Monthly Newspaper • DIOCESE OF BRIDGEPORT

Overcoming Spiritual Blindness

During these days of Easter week, the Gospels recount the early appearance accounts of the Risen Lord to his disciples. What is common to many of them is the fact that these disciples could not recognize the Lord’s presence, even when he was standing in front of them. They overcame their “blindness” only when the Lord made the outreach first, allowing them to recognize His presence.

The inability of the earliest disciples to recognize the Lord’s presence was caused in part by their own self-absorption. They were consumed by their own concerns and feelings, whether that was grief on the part of Mary Magdalene, or confusion and disappointment as was true for the two disciples on the road to Emmaus. One could describe them as being “stuck” within their own worlds, rendering them unable to see outside of themselves and to welcome the presence of Christ as He truly is.

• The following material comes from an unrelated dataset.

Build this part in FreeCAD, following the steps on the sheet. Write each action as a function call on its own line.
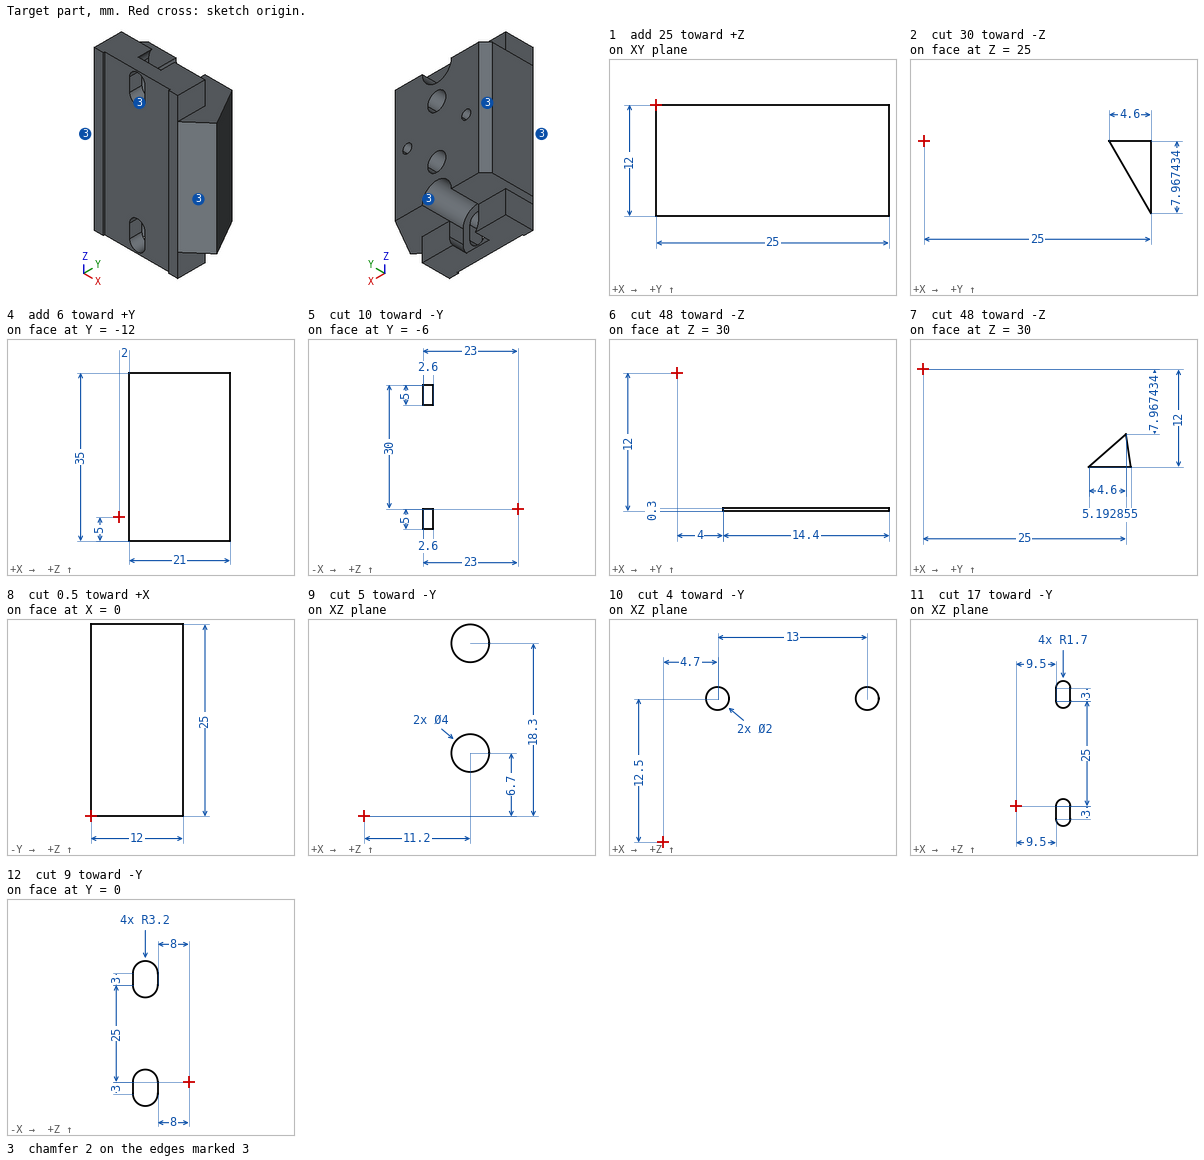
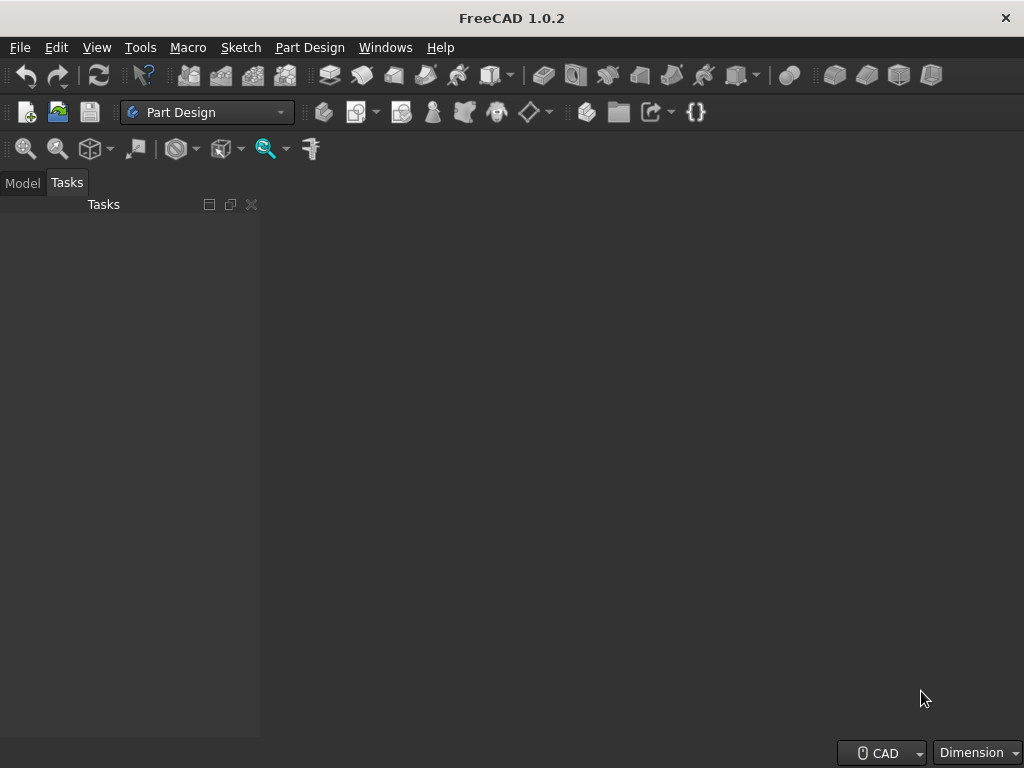
key(ctrl+n)

We should not judge these disciples since we are all, at one time or another, guilty of missing the Lord, whose presence is often staring us in the face. We become so absorbed in the busy pace of our lives, our own troubles and challenges, or set in our own opinions and desires that we become blind. At such times, we must pray to become “unstuck” and to learn to see beyond our own noses. We must stop, look and listen for the signs of the Lord’s presence. For if we can learn to do this each day, what we will recognize is that the Lord is present before us all the while.